▸ **Work order**: Copy out each line containing "image" from the entries below.

▸ **Provided data**:
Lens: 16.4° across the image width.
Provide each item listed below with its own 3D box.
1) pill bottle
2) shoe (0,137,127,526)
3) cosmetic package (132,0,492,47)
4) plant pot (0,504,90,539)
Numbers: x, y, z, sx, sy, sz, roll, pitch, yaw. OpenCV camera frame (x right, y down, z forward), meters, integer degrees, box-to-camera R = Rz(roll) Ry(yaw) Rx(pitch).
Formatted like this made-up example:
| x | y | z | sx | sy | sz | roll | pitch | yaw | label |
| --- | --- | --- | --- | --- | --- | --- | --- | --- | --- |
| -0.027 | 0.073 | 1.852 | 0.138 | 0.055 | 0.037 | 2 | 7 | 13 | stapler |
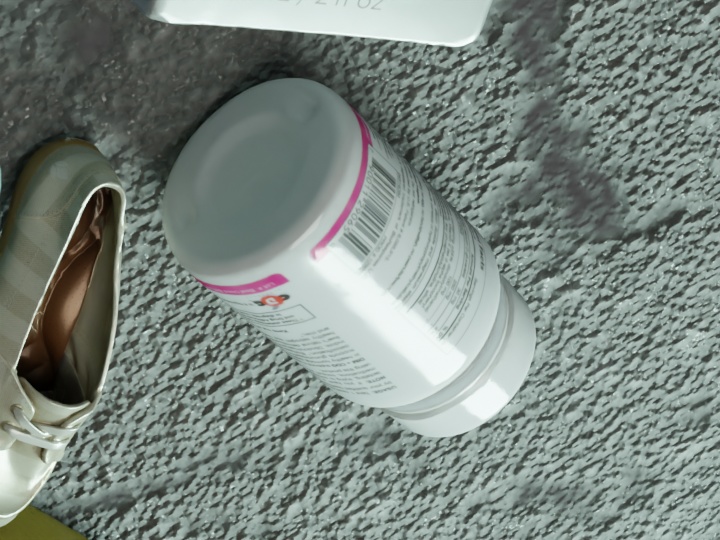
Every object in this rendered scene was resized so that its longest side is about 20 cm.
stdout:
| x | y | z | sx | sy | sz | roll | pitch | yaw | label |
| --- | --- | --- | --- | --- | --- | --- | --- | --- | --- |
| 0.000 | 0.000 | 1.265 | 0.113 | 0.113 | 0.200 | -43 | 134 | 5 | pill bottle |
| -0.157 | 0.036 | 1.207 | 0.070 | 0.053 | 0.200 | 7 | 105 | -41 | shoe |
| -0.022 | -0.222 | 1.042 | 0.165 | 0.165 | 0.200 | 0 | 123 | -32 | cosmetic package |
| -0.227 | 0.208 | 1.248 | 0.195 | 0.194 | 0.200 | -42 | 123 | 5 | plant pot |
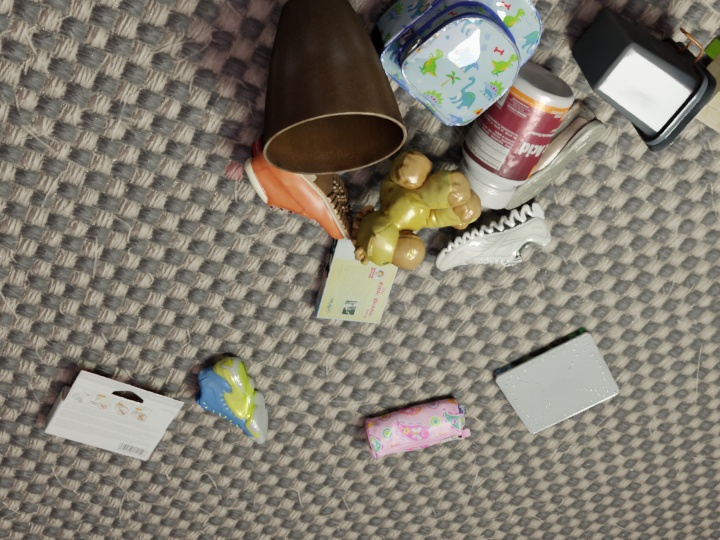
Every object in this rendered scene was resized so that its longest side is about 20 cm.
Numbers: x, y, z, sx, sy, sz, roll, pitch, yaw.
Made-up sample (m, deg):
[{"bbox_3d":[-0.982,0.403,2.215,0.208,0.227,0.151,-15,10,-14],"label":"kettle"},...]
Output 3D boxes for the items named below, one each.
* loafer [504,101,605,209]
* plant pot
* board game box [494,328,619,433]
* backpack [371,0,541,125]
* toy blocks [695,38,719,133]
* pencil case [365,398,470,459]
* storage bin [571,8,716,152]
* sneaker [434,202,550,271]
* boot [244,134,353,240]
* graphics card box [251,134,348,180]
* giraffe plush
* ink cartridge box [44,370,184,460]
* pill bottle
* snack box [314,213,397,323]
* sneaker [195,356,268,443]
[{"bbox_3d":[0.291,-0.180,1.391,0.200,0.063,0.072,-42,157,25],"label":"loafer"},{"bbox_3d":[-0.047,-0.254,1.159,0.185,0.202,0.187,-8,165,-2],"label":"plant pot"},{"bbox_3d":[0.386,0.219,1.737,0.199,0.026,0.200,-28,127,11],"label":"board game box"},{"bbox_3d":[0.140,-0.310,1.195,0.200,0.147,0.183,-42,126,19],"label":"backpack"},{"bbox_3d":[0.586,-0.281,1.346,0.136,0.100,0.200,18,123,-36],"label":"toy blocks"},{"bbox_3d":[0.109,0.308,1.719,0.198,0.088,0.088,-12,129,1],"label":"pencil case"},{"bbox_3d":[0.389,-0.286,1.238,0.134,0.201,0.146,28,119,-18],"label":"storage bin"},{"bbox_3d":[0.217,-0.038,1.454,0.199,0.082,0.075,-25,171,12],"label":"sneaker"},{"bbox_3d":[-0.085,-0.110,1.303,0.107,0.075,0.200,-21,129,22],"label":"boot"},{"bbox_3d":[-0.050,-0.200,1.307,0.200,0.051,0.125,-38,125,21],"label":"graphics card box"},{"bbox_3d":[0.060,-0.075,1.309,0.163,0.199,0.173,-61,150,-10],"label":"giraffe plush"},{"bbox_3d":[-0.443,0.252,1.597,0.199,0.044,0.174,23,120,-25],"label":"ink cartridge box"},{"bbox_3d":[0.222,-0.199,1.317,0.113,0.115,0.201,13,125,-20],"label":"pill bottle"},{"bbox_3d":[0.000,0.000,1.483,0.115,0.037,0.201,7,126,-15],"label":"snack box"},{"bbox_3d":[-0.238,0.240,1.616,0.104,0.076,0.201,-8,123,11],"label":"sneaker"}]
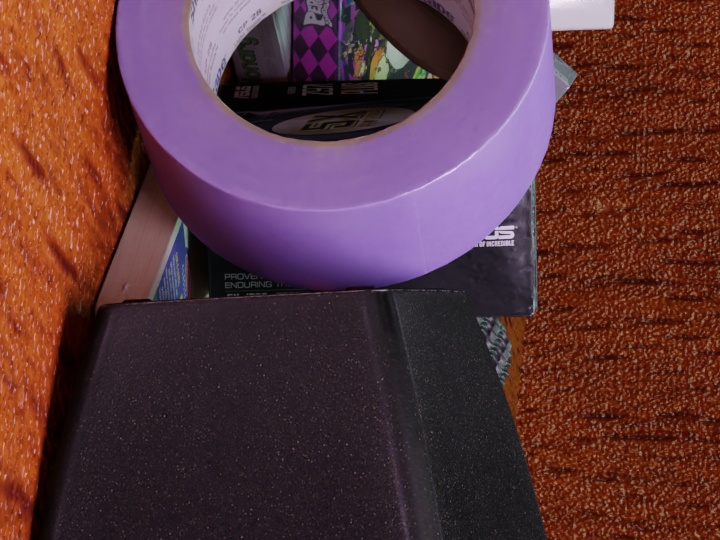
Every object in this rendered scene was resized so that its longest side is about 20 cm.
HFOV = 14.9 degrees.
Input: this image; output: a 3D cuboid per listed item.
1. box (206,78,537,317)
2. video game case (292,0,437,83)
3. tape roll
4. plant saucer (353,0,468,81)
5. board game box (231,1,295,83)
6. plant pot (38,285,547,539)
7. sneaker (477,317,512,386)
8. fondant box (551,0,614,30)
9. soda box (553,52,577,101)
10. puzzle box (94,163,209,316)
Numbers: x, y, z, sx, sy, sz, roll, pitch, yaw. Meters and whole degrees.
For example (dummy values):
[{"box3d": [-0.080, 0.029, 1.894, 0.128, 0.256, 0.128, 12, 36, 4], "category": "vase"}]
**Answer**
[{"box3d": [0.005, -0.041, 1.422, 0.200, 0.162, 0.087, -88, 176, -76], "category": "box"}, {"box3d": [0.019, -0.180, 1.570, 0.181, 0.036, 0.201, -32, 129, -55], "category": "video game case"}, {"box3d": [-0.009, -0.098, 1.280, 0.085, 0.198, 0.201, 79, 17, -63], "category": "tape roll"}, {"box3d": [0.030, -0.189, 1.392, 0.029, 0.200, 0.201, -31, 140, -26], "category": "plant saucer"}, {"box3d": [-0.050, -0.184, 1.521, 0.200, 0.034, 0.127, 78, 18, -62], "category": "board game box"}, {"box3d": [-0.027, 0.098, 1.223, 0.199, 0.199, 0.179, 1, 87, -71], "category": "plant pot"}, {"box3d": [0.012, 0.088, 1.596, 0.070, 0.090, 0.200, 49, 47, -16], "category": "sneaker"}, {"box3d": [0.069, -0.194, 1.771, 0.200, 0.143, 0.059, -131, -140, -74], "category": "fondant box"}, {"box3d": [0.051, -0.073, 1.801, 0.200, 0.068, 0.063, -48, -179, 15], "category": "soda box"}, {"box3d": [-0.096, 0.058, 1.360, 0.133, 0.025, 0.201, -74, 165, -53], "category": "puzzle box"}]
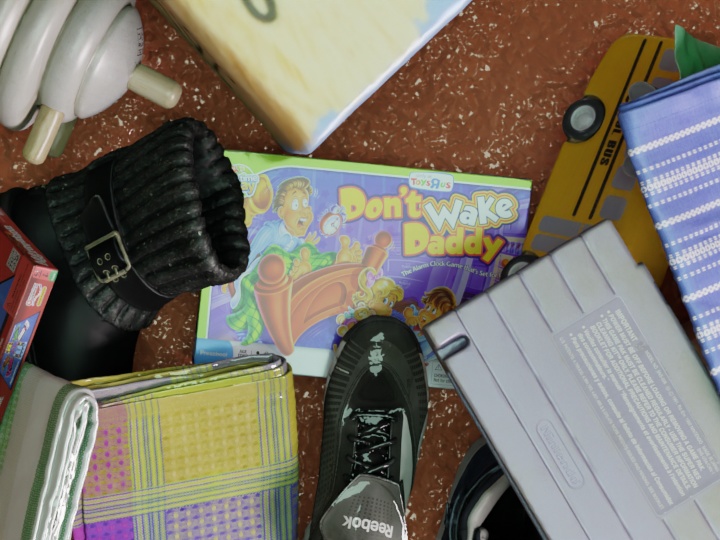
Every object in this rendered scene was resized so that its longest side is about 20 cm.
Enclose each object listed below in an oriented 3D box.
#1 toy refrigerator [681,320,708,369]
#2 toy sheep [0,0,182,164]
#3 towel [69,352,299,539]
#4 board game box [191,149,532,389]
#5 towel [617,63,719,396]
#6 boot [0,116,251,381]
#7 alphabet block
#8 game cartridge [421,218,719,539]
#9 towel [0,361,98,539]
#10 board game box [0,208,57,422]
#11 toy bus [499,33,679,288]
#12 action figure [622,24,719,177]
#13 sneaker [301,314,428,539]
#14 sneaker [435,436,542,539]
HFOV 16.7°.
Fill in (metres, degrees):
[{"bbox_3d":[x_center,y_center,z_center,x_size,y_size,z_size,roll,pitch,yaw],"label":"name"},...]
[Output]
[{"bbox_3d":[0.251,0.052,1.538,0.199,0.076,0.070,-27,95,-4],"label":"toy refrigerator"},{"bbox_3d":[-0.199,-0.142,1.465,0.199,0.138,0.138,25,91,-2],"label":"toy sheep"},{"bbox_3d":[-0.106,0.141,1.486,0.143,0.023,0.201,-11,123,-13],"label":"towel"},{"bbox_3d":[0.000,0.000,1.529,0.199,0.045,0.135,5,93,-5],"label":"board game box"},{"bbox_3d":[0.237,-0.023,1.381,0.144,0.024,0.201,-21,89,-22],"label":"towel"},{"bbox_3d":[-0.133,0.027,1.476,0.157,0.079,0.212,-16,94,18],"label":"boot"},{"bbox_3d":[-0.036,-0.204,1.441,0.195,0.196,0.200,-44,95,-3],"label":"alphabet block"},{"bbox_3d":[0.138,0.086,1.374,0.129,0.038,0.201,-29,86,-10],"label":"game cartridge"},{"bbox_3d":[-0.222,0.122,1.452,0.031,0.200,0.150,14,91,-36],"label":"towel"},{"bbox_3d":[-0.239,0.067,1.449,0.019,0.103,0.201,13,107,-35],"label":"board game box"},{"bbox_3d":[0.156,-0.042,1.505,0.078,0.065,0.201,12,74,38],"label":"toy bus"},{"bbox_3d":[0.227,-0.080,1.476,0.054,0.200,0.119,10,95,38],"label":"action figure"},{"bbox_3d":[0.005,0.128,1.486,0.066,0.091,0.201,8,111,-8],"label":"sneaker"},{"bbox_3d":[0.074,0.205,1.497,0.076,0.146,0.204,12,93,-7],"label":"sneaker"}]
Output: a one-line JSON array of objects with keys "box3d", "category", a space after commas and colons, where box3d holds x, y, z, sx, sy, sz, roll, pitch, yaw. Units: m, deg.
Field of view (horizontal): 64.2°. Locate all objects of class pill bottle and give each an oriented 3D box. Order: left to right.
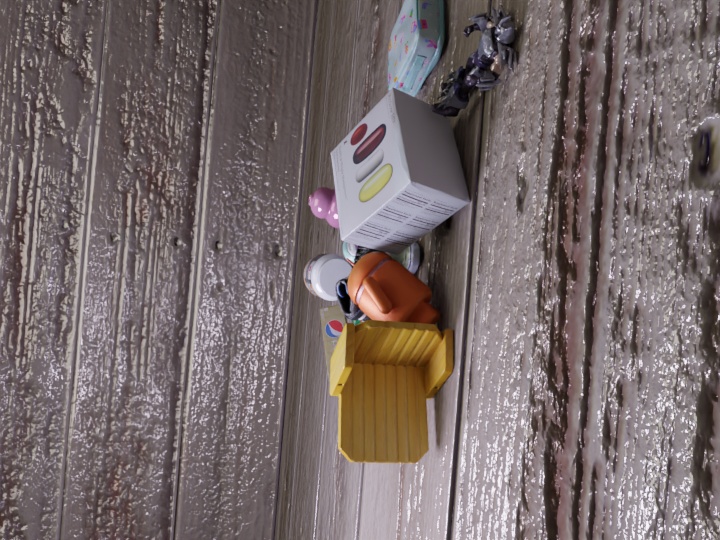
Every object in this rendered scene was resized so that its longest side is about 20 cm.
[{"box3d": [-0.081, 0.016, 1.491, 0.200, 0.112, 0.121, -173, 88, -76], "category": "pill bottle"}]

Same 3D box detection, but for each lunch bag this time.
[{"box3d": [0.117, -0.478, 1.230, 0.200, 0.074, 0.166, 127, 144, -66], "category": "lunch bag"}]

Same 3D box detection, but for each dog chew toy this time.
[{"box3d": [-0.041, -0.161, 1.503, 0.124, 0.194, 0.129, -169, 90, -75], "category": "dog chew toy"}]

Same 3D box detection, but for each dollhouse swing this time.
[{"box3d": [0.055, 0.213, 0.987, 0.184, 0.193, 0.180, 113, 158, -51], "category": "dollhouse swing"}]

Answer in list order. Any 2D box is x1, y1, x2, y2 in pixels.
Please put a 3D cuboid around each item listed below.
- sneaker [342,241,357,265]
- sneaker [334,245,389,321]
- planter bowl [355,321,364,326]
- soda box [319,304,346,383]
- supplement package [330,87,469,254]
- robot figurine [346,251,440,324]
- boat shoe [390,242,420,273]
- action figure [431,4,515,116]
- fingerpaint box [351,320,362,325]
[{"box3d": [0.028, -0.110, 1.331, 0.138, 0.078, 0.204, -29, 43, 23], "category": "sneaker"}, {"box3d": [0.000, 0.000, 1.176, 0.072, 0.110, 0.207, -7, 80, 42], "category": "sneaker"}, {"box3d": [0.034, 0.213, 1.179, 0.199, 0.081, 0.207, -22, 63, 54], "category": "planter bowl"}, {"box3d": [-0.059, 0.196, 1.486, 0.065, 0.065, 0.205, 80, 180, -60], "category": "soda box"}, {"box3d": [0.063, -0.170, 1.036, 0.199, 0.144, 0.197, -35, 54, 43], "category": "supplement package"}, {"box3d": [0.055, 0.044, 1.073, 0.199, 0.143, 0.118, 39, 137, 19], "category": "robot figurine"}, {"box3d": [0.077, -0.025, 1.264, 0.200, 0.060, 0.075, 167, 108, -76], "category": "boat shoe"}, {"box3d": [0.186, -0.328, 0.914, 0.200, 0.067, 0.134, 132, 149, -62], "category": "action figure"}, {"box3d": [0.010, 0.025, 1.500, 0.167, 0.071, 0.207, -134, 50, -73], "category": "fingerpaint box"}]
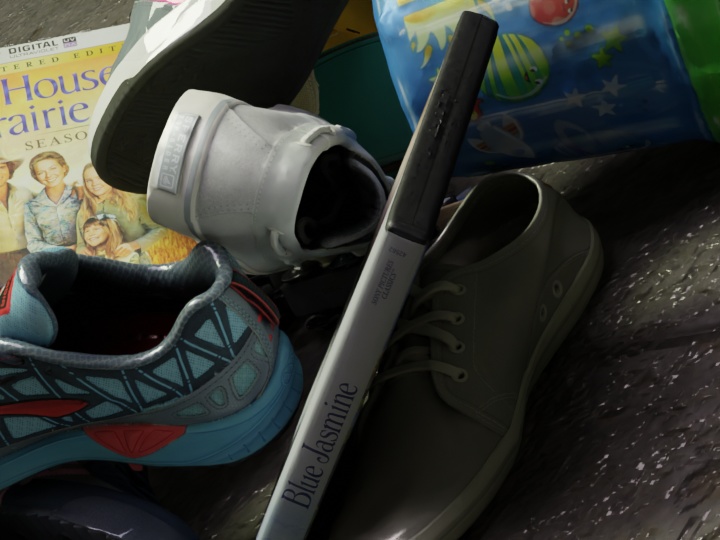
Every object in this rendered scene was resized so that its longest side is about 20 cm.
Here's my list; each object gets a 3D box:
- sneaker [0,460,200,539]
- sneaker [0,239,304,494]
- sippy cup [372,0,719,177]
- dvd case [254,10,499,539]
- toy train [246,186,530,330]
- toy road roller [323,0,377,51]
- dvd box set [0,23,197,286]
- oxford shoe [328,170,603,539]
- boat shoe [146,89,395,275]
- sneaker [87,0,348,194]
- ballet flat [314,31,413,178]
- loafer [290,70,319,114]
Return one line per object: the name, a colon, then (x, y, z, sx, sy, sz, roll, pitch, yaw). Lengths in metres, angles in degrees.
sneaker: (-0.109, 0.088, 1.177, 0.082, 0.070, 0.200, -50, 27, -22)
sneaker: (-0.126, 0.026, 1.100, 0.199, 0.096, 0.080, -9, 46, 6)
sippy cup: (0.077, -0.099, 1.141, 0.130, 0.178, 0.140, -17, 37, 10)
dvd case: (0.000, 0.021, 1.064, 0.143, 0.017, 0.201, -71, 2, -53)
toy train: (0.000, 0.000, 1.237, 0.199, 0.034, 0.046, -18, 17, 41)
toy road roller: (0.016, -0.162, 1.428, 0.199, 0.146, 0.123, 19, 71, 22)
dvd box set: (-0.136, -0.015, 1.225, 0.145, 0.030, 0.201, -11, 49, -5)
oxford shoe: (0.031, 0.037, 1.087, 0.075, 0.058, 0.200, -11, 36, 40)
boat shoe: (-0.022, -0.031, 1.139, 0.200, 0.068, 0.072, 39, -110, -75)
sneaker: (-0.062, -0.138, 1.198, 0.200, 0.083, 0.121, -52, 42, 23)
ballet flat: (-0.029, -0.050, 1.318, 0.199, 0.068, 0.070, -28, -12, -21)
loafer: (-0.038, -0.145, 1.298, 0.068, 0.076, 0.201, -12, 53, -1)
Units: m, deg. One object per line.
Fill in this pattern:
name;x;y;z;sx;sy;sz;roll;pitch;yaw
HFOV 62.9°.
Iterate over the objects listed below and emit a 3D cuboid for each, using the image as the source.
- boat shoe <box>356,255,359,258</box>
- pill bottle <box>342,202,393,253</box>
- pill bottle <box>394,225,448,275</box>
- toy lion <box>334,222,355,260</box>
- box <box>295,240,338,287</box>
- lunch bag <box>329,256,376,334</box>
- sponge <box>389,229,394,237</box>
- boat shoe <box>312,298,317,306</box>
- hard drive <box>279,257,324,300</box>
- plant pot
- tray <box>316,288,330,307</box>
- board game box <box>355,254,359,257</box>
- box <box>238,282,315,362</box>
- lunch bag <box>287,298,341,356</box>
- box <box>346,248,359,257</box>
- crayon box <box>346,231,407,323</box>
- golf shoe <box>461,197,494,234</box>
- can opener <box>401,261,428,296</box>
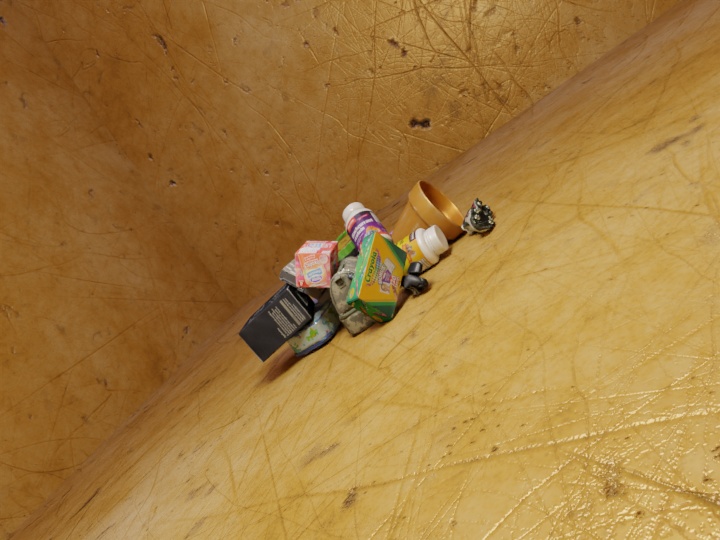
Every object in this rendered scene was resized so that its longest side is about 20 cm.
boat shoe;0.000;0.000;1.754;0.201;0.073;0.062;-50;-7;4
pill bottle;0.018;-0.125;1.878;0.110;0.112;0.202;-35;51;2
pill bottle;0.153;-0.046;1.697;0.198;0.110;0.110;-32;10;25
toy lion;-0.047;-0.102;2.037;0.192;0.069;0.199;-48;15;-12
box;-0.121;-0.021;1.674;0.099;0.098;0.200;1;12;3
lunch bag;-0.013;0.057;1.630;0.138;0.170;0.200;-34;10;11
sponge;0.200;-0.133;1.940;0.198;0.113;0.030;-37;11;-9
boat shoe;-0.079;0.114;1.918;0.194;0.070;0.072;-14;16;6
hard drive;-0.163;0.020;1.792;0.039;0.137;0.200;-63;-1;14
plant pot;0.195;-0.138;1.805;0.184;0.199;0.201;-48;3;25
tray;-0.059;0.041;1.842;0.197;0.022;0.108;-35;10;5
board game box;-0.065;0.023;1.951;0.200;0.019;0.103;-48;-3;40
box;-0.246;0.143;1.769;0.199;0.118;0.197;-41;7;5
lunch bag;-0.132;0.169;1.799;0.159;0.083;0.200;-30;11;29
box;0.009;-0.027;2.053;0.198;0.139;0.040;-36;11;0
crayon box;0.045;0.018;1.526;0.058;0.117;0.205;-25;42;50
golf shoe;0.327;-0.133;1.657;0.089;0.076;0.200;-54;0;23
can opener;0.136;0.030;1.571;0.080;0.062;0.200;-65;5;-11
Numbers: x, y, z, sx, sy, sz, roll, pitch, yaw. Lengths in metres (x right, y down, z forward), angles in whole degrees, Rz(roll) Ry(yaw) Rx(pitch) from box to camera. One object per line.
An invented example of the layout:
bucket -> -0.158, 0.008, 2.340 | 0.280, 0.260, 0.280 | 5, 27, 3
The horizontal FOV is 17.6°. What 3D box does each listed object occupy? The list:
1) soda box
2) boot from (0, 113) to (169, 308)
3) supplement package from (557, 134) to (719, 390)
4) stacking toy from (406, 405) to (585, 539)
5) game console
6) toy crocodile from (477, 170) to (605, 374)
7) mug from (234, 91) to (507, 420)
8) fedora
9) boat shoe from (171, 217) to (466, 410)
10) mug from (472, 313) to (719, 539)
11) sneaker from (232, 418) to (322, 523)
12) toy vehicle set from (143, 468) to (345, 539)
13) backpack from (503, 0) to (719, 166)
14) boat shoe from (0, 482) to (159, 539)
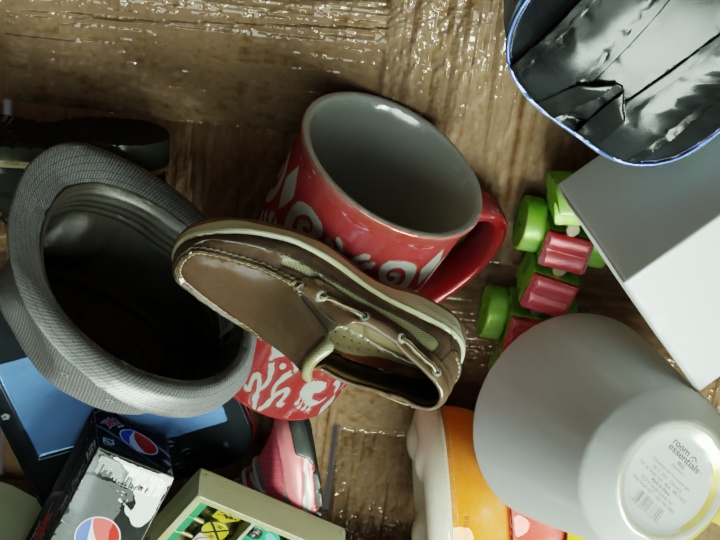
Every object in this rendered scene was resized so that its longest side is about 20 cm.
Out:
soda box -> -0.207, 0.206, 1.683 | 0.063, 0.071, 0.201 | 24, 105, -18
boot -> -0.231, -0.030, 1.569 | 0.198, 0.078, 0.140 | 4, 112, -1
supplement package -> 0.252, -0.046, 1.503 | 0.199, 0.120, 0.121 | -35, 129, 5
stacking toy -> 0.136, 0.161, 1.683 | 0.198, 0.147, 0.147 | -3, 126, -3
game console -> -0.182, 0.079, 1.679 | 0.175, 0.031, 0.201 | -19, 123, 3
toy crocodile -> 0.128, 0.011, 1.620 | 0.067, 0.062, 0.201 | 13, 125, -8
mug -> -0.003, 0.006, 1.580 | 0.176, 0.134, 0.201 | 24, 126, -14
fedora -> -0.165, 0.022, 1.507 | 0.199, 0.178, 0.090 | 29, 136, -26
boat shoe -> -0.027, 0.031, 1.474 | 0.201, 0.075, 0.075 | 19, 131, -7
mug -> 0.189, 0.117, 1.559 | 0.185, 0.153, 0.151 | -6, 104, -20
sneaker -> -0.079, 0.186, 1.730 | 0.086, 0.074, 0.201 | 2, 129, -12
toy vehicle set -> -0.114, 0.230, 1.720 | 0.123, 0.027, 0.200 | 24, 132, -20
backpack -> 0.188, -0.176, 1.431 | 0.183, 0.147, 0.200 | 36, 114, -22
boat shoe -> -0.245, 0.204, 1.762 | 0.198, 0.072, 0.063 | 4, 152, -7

▸ **Answer space**:
Lens: 16.4° across the image width.
Input: this image; output: a 3D cuboid per listed item.
Iterate over the objects listed below and emit a 3D cuboid for each, using the image as the source.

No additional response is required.